Grace Jones: “God, I’m Scary. I’m Scaring Myself” In a 2010 article in The Guardian, Simon Hattenstone spends some time with Grace Jones as she prepares for a photo shoot.

How Do Food Manufacturers Calculate the Calorie Count of Packaged Foods? Prepare yourself for a quick, interesting explanation by a professor of nutrition in Scientific American.

Why Do Taxonomists Write the Meanest Obituaries? In Nautilus, Ansel Payne writes about the unique, almost open-source international rules for describing and naming new species, rules that have allowed for prolific incompetents to run amok in the field.

Killer Robots: A New Reason to Worry About Ethics Patrick Lin speaks with a trio of philosophers who argue regardless of how technically proficient and flawless they may become, autonomous weapons could never be ethically deployed.

Would Your Dog Eat You if You Died?
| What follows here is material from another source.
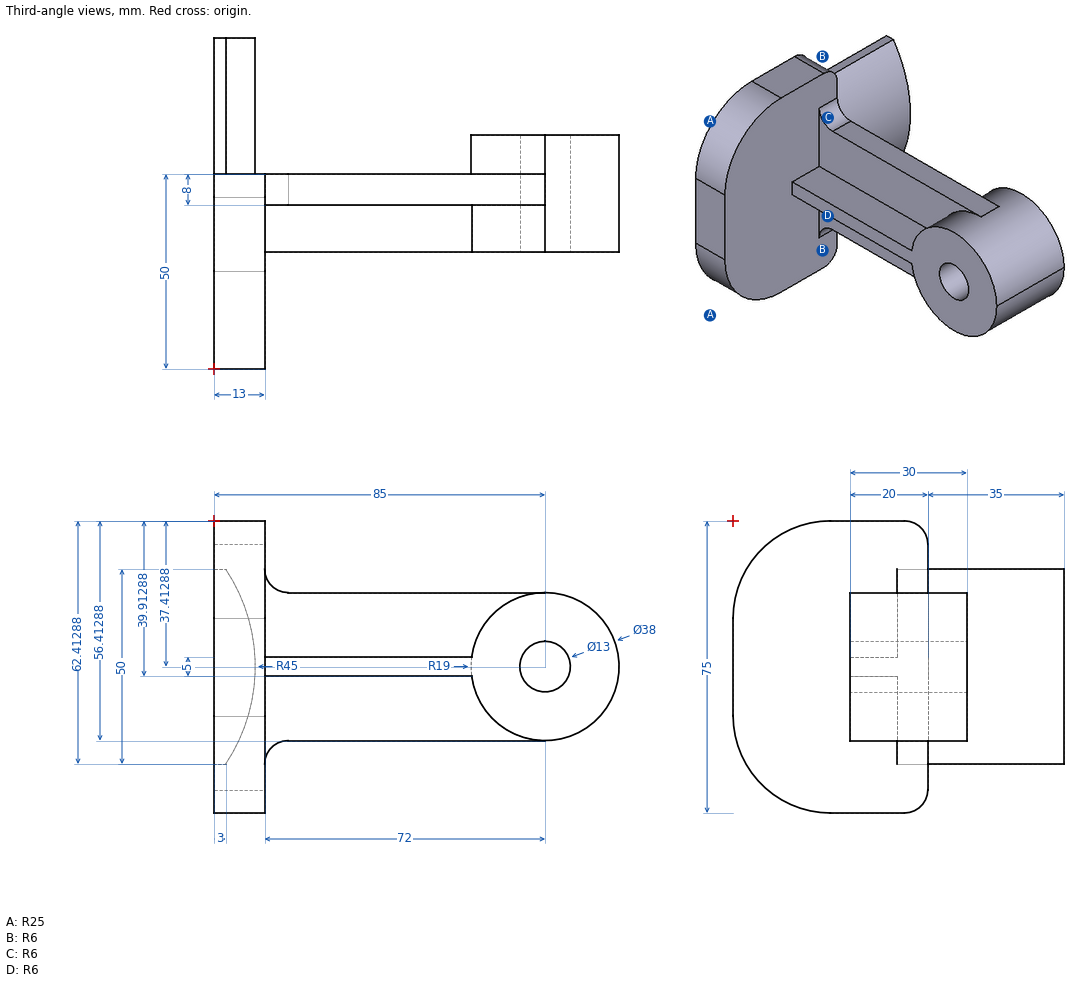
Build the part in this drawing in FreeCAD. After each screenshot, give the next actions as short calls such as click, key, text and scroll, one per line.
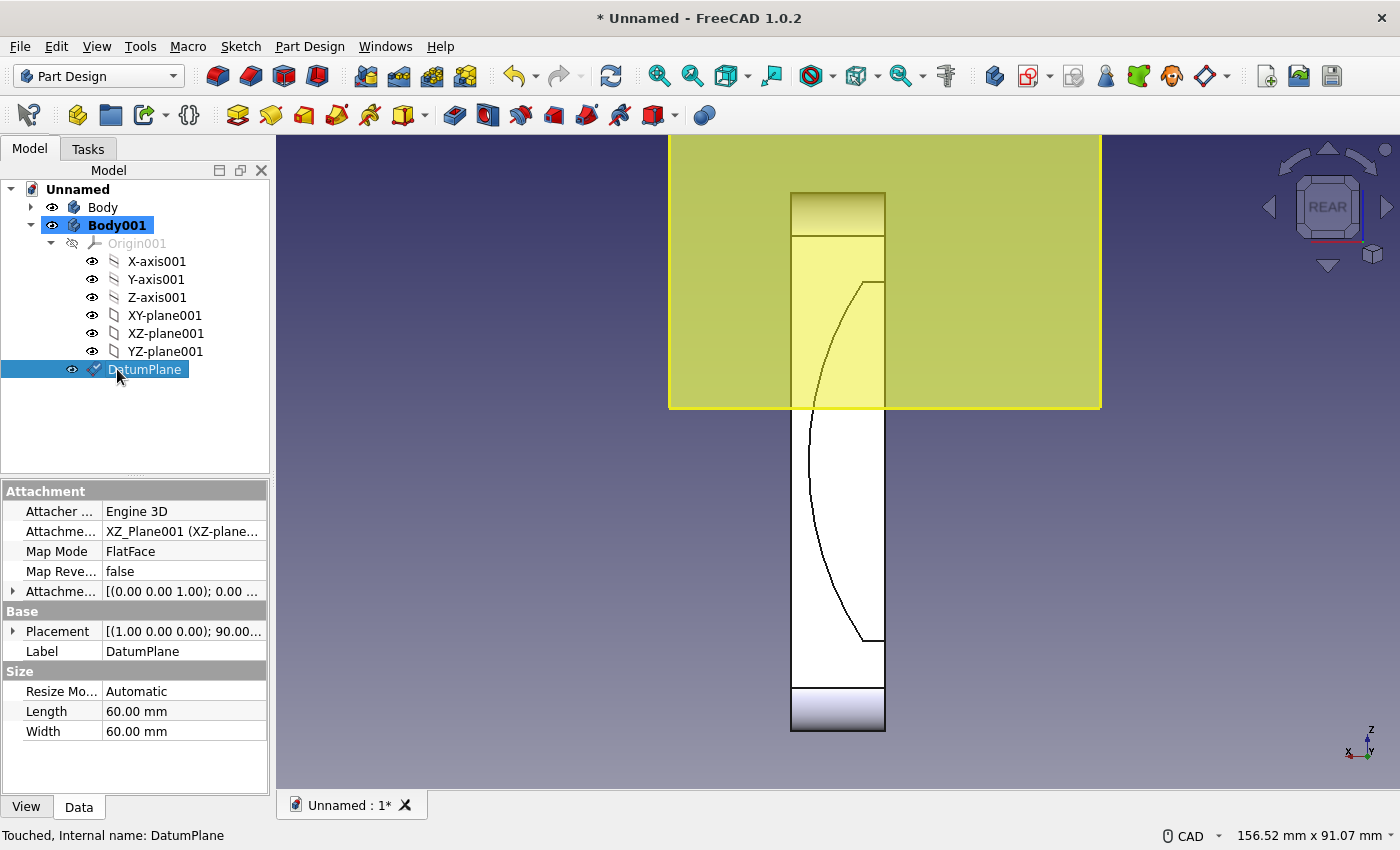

On Nat Geo’s Gory Details blog, Erika Engelhaupt writes about forensic cases of dogs scavenging their owners’ corpses when they died in their homes.

The End is Not Near JL Schellenberg writes about our tendency to think about the depth of time, but mostly only looking backward; we have a lot to master about looking forward into deep time.

“Hi, Dad” California Father Buries Wrong Man After Coroner Says His Son Is Dead Things got real fucked up for one family in Orange County.